Les records de températures récents :

  • Sur terre (Californie: 54,4°C en 2021, 53,3°C en 2023, Chine 52,2°C en juillet 2023, Monde: juillet 2023),
  • Sur les océans: Record mondial le 30 juillet 2023 à 20,96°C selon Copernicus.

Sont des signaux forts qui interpellent: Variabilité naturelle ou impacts anticipés et supérieurs aux anticipations du GIEC? 

L’étude des publications récentes sur le sujet met en exergue au moins 5 sorcières possiblement à l’oeuvre sur notre chaudron :

1- Le soleil avec un pic d’irradiance, heureusement conjoncturel. Le caractère cyclique de l’activité solaire est bien connu, avec une mesure satellitaire fine depuis 1979. La consolidation de 3 sources américaines livre le graphe suivant: 

PMOD : Physikalisch Meteorologisches Observatorium, Davos

SORCE:Solar Radiation and Climate Experiment

GES DISC: Station spatiale internationale Total Irradiance Monitor

(Les chiffres d’irradiance de l’échelle de gauche valent pour 1m2 de surface plane au sommet de l’atmosphère. Ramené à la surface d’un globe terrestre en rotation, cela conduit au quart de cette puissance, soit environ 340W/m2 en moyenne).

Nous baignons donc dans un flux d’énergie solaire légèrement supérieur à la moyenne, dont une partie est captée par le système Terre, l’autre est réfléchie par son albédo vers l’espace.

Or cet albédo diminue: 

2- L’albédo de la cryosphère baisse cette année avec une réduction inédite de la glace de mer Antarctique:

Conséquence pour les mers du Sud: Leur surface devient plus sombre, absorbante au lieu de renvoyer l’énergie solaire en partie vers l’espace.

3– La diminution des aérosols anthropiques et de leur effet refroidissant:

Ces aérosols produisent un albédo, une réflexion de la lumière vers l’espace, à la fois directement, et aussi indirectement par interaction avec les nuages.

L’effet refroidissant des aérosols émis par nos activités a été évalué par le GIEC, de manière croissante jusqu’en 1975, et  il décroitrait depuis:  

Source 6e rapport du GIEC, GT 1 Tableau A3-3 (graphe Les Ateliers du Futur)

Cette inversion résulte de politiques de santé publique de plus en plus protectrices… à court terme!

Sont notamment déterminantes les émissions de soufre issues des carburants de véhicules et de navires, désormais sous règlementation. Depuis 2015, par exemple, l’IMO (International Maritime Organisation) a imposé une baisse de 1% à 0,1% de la teneur en soufre des carburants maritimes près des cotes nord américaines, en mers du Nord, Baltique et dans la Manche.  
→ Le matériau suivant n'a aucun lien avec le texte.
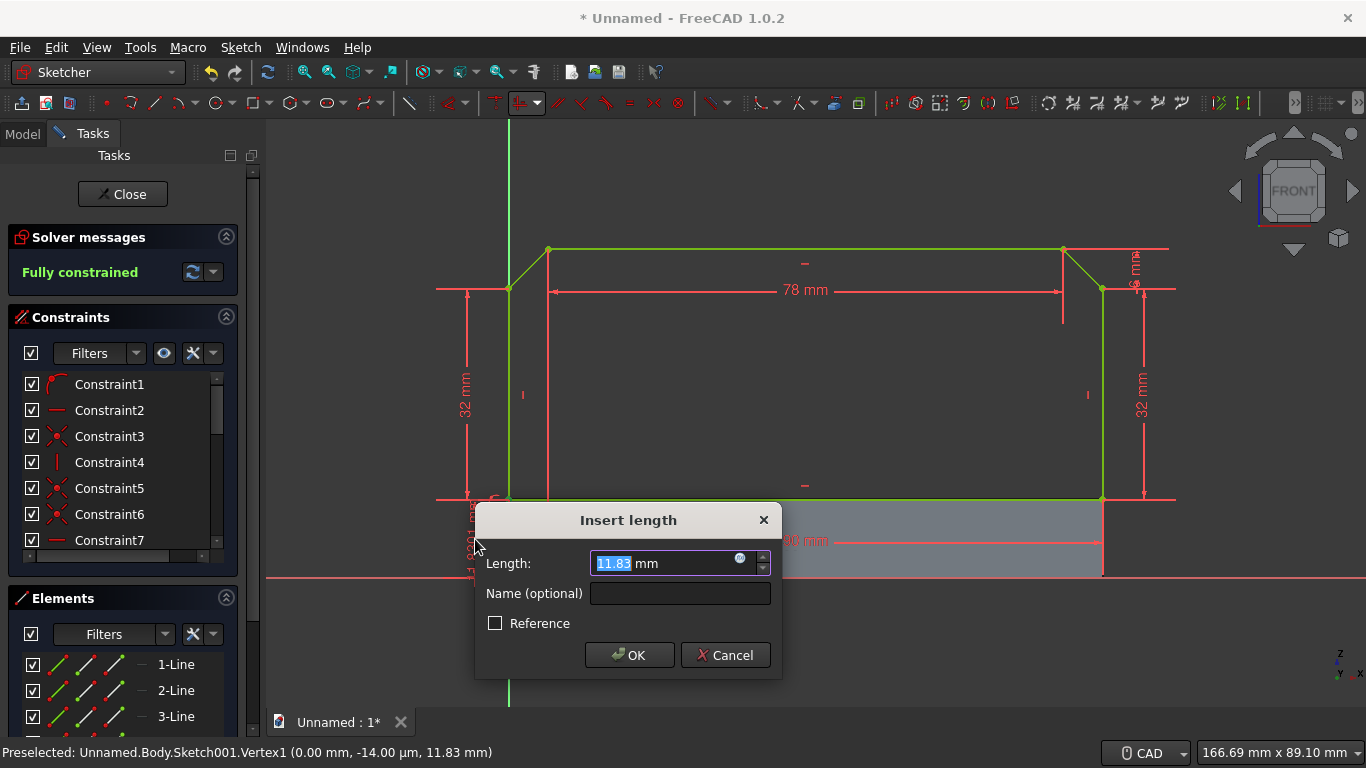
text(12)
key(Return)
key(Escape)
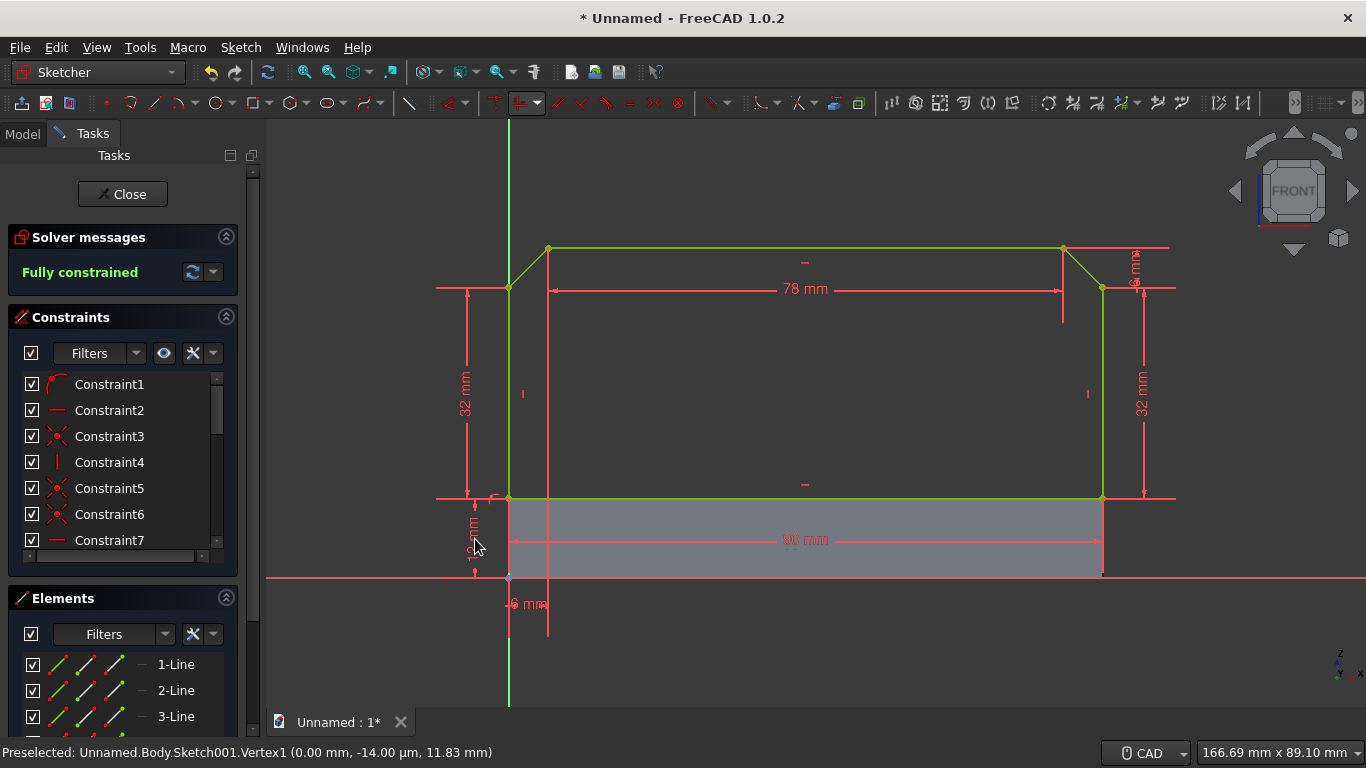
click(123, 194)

4 – 4ème sorcière: L’élasticité de la température à la surface de la Terre par rapport au forçage anthropique.

Rappelons que ce forçage est l’énergie supplémentaire « stockée » dans le système Terre du fait de l’opacité aux infrarouges de l’atmosphère polluée par nos émissions de GES depuis l’ère préindustrielle et qui le réchauffe. 

Cette élasticité pourrait avoir été sous estimée par le GIEC!

Selon le GIEC, en effet :

  • le forçage anthropique amène un supplément d’énergie aujourd’hui d’environ 3W/m2. Dans le scénario SSP 4.5, il atteindra 4,5W/m2 en 2050,
  • Le ratio entre ce forçage et la hausse des températures de surface lorsque notre système trouve son équilibre est évalué à 0,75. 

Cela induit des hausses de température de

  • +2,25°C dans le climat actuel, ou +1,75°C net de l’effet des aérosols contre +1,2°C observés aujourd’hui,
  • +3°C dans le scénario SSP 4.5 pour lequel nos émissions conduisent à un forçage de 4,5W/m2 à horizon 2050. 

Or une récente étude sur base des paléoclimats (http://www.columbia.edu/~jeh1/Documents/PipelinePaper.2023.07.05.pdf) suggère que l’élasticité naturelle serait plutôt de 1,2 °C/W/m2….

Avec cette hypothèse, les températures d’équilibre seraient donc plutôt 

  • Avec le niveau actuel de pollution carbone de l’atmosphère (forçage de 3W/m2) +3,6°C hors aérosols,
  • Dans le scénario SSP4.5, +5,4°C,

Soit +1,35°C dans le climat actuel, +2,4°C à horizon 2100, certes…

5- Une dernière sorcière se profile: La vitesse de réaction du Climat à notre forçage, c’est à dire la rapidité pour atteindre un nouvel équilibre, suite à une hausse de notre pollution carbone.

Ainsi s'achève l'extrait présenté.